= Mack Self =

Wiley Laverne "Mack" Self (22 May 1930 - 14 June 2011) was an American rockabilly singer, songwriter and musician, who recorded for Sun Records in the 1950s and was a member of the Rockabilly Hall of Fame.

==Career==
Self was born in Calico Bottoms, Phillips County, Arkansas, one of four children, and started playing guitar as a child, often performing with his friend C.W. Gatlin. In 1955, after playing on radio station Kxjk in Forrest City, Arkansas, disc jockey Hal Webber encouraged him to make a recording of his song "Easy to Love". The demo recording then found its way to Sam Phillips of Sun Records, who invited him to audition. Self's first recordings were not released, but Phillips encouraged him to write more songs. He returned to the recording studio in March 1957 to work with producer Jack Clement, and re-recorded "Easy to Love" along with several new songs on which he was backed by guitarist Therlow Brown and bass player Jimmy Evans. "Easy to Love" was then released in 1957 as Sun 273, but by that time its style was regarded as somewhat old-fashioned and it was not a hit. However, Self returned to the recording studio in 1959, and released a second single, "Mad At You" / "Willie Brown". He continued to perform despite his lack of recording success, and in the early 1960s recorded several country singles for the Zone label in Memphis with producer Chips Moman. He also continued to write songs, setting up his own publishing company.

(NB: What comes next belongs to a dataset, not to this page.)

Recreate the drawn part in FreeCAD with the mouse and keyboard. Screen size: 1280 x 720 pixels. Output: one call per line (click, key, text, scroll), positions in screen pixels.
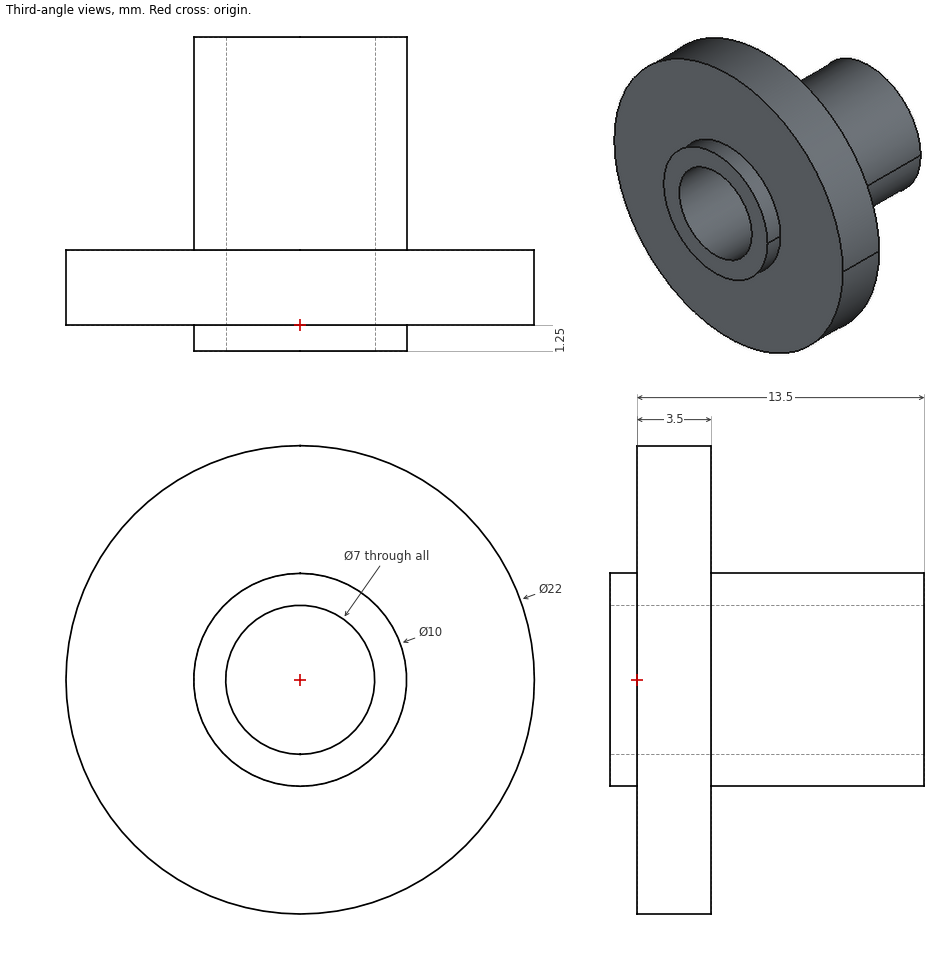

Self gave up the music business in 1963, and established a heating, air and sheet metal business in Helena, Arkansas. He returned to undertake occasional performances after 1992, with his Silver Dollar Band, and was inducted into the Rockabilly Hall of Fame in 1993.

His recordings for the Sun label were reissued on CD by Bear Family Records in the early 1990s, and - with a number of unreleased recordings - by DeeGee Records in Germany in 1997.